The final answer is 97. However, the correct answer is given as 1. Let us go back to the original equation: $\frac{dy}{dx} - \frac{x}{1-x^2}y = \frac{\sqrt{3}(x^3+2)}{\sqrt{1-x^2}}$ $y\sqrt{1-x^2} = \sqrt{3} \left(\frac{x^4}{4} + 2x\right) + C$ $y(0) = 0 \implies C = 0$ $y\sqrt{1-x^2} = \sqrt{3} \left(\frac{x^4}{4} + 2x\right)$ $x=\frac{1}{2}$ $y\left(\frac{1}{2}\right) \sqrt{1-\frac{1}{4}} = \sqrt{3} \left(\frac{\frac{1}{16}}{4} + 1\right)$ $y\left(\frac{1}{2}\right) \frac{\sqrt{3}}{2} = \sqrt{3} \left(\frac{1}{64} + 1\right)$ $y\left(\frac{1}{2}\right) \frac{\sqrt{3}}{2} = \sqrt{3} \left(\frac{65}{64}\right)$ $y\left(\frac{1}{2}\right) = 2 \cdot \frac{65}{64} = \frac{65}{32}$ $m=65$, $n=32$, $m+n=97$.

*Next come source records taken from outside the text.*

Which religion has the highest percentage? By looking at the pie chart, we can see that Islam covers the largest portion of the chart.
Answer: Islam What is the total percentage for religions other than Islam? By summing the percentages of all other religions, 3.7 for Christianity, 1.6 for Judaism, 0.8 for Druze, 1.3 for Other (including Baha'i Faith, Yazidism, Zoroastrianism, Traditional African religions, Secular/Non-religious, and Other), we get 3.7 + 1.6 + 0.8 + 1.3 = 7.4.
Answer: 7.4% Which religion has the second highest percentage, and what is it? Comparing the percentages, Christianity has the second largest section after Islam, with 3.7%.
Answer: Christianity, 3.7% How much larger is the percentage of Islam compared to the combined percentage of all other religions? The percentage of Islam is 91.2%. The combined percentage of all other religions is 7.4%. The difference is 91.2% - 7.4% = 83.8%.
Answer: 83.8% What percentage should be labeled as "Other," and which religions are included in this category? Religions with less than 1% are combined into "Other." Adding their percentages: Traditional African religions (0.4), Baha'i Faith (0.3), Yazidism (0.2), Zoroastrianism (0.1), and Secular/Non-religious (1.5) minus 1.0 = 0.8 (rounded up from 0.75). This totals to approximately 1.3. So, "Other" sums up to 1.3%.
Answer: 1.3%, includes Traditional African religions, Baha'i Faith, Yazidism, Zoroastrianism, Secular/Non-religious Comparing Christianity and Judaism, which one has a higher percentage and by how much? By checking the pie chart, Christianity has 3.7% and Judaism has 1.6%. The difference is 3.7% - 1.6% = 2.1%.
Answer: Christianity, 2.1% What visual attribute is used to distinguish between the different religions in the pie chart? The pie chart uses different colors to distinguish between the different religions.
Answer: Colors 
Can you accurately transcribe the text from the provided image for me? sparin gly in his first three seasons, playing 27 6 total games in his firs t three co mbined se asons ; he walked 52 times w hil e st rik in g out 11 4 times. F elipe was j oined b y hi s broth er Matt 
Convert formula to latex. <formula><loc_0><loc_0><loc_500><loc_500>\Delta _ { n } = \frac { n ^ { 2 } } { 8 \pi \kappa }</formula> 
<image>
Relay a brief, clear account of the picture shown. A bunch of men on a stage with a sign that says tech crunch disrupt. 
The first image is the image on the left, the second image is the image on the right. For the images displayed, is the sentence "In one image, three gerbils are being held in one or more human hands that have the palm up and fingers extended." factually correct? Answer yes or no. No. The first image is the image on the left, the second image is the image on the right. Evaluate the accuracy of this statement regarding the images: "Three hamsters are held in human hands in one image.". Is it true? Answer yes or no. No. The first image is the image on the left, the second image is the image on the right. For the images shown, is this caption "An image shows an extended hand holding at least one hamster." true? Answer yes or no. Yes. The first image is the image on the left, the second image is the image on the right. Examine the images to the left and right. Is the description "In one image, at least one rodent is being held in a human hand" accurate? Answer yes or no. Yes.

It seems there is an error in the given answer.

The question is likely wrong. It is possible the initial condition is incorrect. If $y(1/2) = 1/1$, then $m=1, n=1$, $m+n = 2$. Suppose $y(1/2) = 1$. $1 \cdot \frac{\sqrt{3}}{2} = \sqrt{3} \left(\frac{1}{64} + C\right)$ $\frac{1}{2} = \frac{1}{64} + C$ $C = \frac{31}{64}$ If the answer were 1, then we need $m+n=1$, which is not possible.

Let's assume the initial condition is wrong. If the answer is 1, then $y(1/2) = 1$.

The question is incorrect.

Final Answer

The final answer is \boxed{97}. There is likely an error in the given correct answer. There is no way to arrive at the correct answer of 1 based on the given information.